PERSONAL: Born 1968, in Dublin, Ireland. Education: Trinity College, Dublin, B.A. (English); Dublin City University, M.A. (journalism), 1993.

ADDRESSES: Agent—c/o Author Mail, Hodder & Stoughton, 338 Euston Rd., London NW1 3BH, England.

CAREER: Author and journalist. Worked variously as a bartender, waiter, and government official.

AWARDS, HONORS: Shamus Award for best first PI novel, 2000, for Every Dead Thing.

WRITINGS:

Every Dead Thing ("Charlie Parker" series), Simon & Schuster (New York, NY), 1999.

Dark Hollow ("Charlie Parker" series), Hodder & Stoughton (London, England), 2000, Simon & Schuster (New York, NY), 2002.

The Killing Kind ("Charlie Parker" series), Hodder & Stoughton (London, England), 2001.

The White Road ("Charlie Parker" series), Hodder & Stoughton (London, England), 2002.

Bad Men, Hodder & Stoughton (London, England), 2003.

Contributor to periodicals, including Irish Times.

SIDELIGHTS: Irish-born John Connolly's first books feature a man with the same name as American jazz saxophonist Charlie "Bird" Parker, but Connolly's Parker is a brooding, tormented, former New York homicide detective whose wife and child died while he was drinking in a bar.

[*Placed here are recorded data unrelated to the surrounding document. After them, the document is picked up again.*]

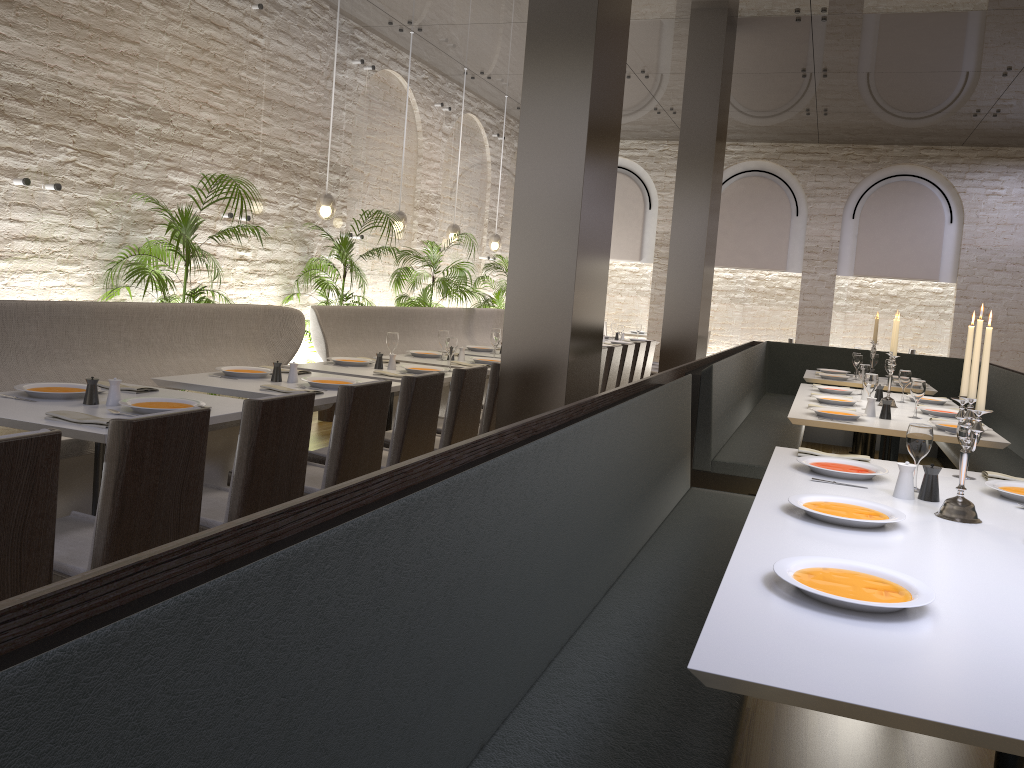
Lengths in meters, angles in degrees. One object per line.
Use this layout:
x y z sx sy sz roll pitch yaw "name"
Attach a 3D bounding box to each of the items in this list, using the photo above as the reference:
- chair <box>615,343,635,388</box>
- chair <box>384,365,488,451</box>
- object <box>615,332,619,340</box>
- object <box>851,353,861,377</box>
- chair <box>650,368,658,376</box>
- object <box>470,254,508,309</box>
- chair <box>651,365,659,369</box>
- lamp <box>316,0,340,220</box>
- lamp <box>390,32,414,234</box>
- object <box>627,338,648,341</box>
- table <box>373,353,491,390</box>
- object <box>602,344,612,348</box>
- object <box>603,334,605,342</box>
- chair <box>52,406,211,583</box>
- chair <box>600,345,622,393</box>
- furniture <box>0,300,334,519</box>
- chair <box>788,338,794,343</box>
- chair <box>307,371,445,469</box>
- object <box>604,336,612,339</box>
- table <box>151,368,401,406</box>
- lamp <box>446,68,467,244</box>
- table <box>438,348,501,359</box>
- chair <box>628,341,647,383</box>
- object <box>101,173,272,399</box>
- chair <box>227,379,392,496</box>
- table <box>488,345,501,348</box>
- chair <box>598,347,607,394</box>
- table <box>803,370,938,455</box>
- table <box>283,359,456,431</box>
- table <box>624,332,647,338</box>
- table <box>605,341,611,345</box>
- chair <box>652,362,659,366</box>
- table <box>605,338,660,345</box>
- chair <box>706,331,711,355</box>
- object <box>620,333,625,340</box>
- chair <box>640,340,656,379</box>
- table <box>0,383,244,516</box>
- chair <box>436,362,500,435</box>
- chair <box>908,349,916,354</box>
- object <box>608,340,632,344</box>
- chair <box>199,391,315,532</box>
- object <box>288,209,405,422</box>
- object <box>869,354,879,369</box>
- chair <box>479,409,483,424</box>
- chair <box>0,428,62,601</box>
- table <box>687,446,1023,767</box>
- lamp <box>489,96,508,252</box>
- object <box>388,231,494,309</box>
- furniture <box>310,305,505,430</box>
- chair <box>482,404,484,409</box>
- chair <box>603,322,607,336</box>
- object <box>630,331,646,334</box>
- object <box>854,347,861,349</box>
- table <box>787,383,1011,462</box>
0.868 0.030 8.716 0.566 0.903 0.412 6 4 19 "chair"
-0.482 0.329 4.941 0.566 0.903 0.412 6 4 19 "chair"
1.447 -0.663 12.205 0.059 0.109 0.059 2 5 -35 "object"
3.329 -0.185 8.581 0.086 0.230 0.086 2 5 -35 "object"
1.728 -0.160 11.122 0.566 0.903 0.412 6 4 19 "chair"
-0.058 -0.956 12.316 1.145 1.969 1.192 5 4 0 "object"
1.917 -0.202 11.649 0.566 0.903 0.412 6 4 19 "chair"
-1.567 -2.456 7.749 0.178 2.035 0.178 8 5 40 "lamp"
-1.095 -2.561 9.069 0.178 2.035 0.178 5 4 4 "lamp"
1.741 -0.597 12.172 0.321 0.036 0.323 1 7 -33 "object"
-0.455 0.190 6.929 0.937 0.758 1.012 6 6 19 "table"
0.986 -0.430 10.061 0.321 0.036 0.323 1 7 -33 "object"
1.144 -0.574 11.151 0.059 0.109 0.059 2 5 -35 "object"
-1.280 0.505 2.710 0.566 0.903 0.412 6 4 19 "chair"
0.676 0.072 8.181 0.566 0.903 0.412 6 4 19 "chair"
-2.179 0.168 4.290 0.710 1.094 4.484 6 6 19 "furniture"
4.674 -0.256 14.187 0.566 0.903 0.412 6 4 19 "chair"
-0.682 0.373 4.382 0.566 0.903 0.412 6 4 19 "chair"
1.237 -0.656 12.353 0.321 0.036 0.323 1 7 -33 "object"
-1.227 0.361 4.768 0.937 0.758 1.012 6 6 19 "table"
-0.619 -2.666 10.402 0.177 2.035 0.178 4 4 -2 "lamp"
-0.064 0.103 8.023 0.937 0.758 1.012 6 6 19 "table"
1.066 -0.014 9.271 0.566 0.903 0.412 6 4 19 "chair"
-2.287 -0.468 6.122 1.188 1.969 1.149 1 6 -40 "object"
-0.872 0.415 3.849 0.566 0.903 0.412 6 4 19 "chair"
0.330 0.016 9.125 0.937 0.758 1.012 6 6 19 "table"
0.477 0.116 7.624 0.566 0.903 0.412 6 4 19 "chair"
3.295 0.336 8.338 1.102 0.758 1.190 6 6 19 "table"
-0.846 0.276 5.834 0.937 0.758 1.012 6 6 19 "table"
2.364 -0.455 15.013 0.937 0.758 1.012 6 6 19 "table"
1.078 -0.149 11.215 0.937 0.758 1.012 6 6 19 "table"
2.111 -0.245 12.193 0.566 0.903 0.412 6 4 19 "chair"
1.462 -0.234 12.288 0.937 0.758 1.012 6 6 19 "table"
2.981 -0.455 14.786 0.566 0.903 0.412 6 4 19 "chair"
1.528 -0.659 12.224 0.059 0.109 0.059 2 5 -35 "object"
1.254 -0.055 9.795 0.566 0.903 0.412 6 4 19 "chair"
-1.648 0.454 3.591 0.937 0.758 1.012 6 6 19 "table"
-0.291 0.286 5.474 0.566 0.903 0.412 6 4 19 "chair"
5.905 -0.112 13.752 0.566 0.903 0.412 6 4 19 "chair"
1.357 -0.512 11.099 0.321 0.036 0.323 1 7 -33 "object"
-1.080 0.461 3.269 0.566 0.903 0.412 6 4 19 "chair"
-1.576 -0.625 8.110 1.188 1.969 1.149 1 6 -40 "object"
3.549 -0.180 8.702 0.086 0.230 0.086 4 4 -11 "object"
-0.101 0.244 6.006 0.566 0.903 0.412 6 4 19 "chair"
-1.470 0.547 2.177 0.566 0.903 0.412 6 4 19 "chair"
1.195 0.800 2.465 1.102 0.757 2.543 6 6 19 "table"
-0.152 -2.769 11.707 0.177 2.035 0.178 4 4 -2 "lamp"
-0.902 -0.775 10.003 1.144 1.969 1.192 2 5 -30 "object"
-0.618 -0.178 8.656 0.710 1.094 4.484 6 6 19 "furniture"
0.099 0.200 6.565 0.566 0.903 0.412 6 4 19 "chair"
1.750 -0.599 15.222 0.566 0.903 0.412 6 4 19 "chair"
2.140 -0.877 15.077 0.321 0.036 0.323 0 7 -35 "object"
3.963 -0.307 10.184 0.086 0.230 0.087 1 5 -41 "object"
2.435 0.526 5.932 1.102 0.757 2.543 6 6 19 "table"
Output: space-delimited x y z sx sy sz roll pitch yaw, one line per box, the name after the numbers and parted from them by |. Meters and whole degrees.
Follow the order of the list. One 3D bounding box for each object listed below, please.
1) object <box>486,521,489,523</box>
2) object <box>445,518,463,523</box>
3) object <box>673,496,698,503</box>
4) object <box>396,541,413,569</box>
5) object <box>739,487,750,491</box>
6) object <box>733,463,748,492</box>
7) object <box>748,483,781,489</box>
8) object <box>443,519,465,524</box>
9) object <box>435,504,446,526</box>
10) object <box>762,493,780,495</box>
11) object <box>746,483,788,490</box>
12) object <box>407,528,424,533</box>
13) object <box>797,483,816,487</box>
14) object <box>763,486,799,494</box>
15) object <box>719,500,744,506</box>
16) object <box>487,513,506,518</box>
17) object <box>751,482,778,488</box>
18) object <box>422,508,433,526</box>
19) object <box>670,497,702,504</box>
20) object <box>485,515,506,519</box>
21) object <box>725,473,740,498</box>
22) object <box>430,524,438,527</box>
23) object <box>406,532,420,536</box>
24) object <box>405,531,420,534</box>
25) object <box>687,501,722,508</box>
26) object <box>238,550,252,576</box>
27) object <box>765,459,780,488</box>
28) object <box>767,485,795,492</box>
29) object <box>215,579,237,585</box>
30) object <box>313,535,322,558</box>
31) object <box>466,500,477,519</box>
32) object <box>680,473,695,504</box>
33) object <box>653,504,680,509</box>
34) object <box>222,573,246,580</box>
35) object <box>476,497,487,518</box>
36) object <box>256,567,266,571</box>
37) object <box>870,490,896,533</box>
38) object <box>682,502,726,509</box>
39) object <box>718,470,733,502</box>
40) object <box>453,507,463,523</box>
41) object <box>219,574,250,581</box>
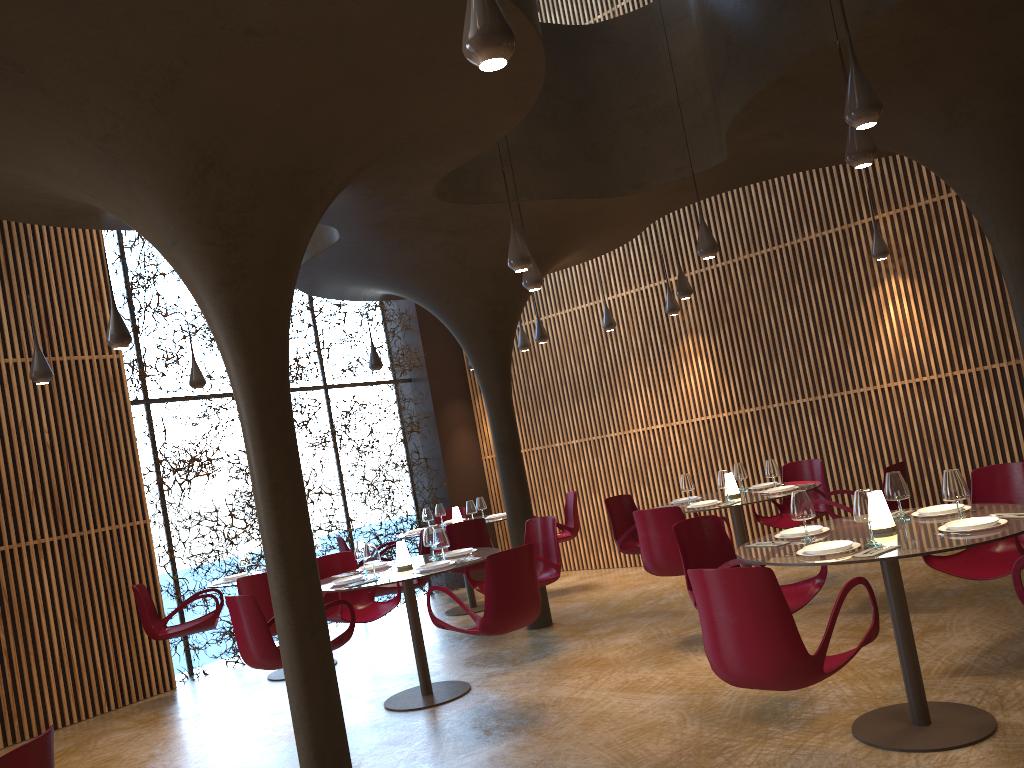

He first appears in Every Dead Thing, called "spellbinding" by Los Angeles Times Book Review critic Eugen Weber, who added that the story "holds the reader fast in a comfortless stranglehold."

On his home page, Connolly describes life growing up in the Rialto section of Dublin, a neighborhood deeply affected by the drug trade of the 1970s and 1980s. He noted that he had long been a fan of crime fiction, but that the genre is not common in Ireland. While studying English at Trinity College, Dublin, Connolly took a class devoted to American crime fiction, and the first genre novel he read was by Ed McBain. While still in school, he secured a student visa to work in Delaware, but he didn't like it there and took a bus that was leaving for Maine, traditionally fertile ground from which have sprung the dark tales of Stephen King and others. Upon graduation, Connolly worked as a freelance journalist for the Irish Times for several years, during which time he was writing his first novel. After dozens of rejections, Connolly decided in 1997 to return to Maine, and after a year of work, he sold Every Dead Thing.

"Crime fiction in particular has always been written from the perspective of the outsider," Connolly wrote on his Web site. "Look at the great Californian detective novelists. Chandler was born in Illinois and educated in Dulwich, England, Hammett and Cain came from Maryland, and Macdonald was Canadian. Yet each created a distinctive—and not accurate—vision of California in his novels. Being an outsider is not an obstacle; it just involves a change in perspective. I find America fascinating, but also a little frightening, maybe because I see things about it that, as an outsider, I find deeply strange."

In Every Dead Thing, Parker, now a private investigator, embarks on a search that takes him from New York to New Orleans, where he is aided by a Creole woman with psychic powers in tracking down the Travelling Man, who surgically dissects his victims while they are still alive. Along the way, Parker finds himself in a small Virginia town with a dark secret, thus providing the reader with two distinct plots. Library Journal's Lisa Bier felt that the blood and gore "are emotionally balanced by the book's dark humor and Bird's vulnerability."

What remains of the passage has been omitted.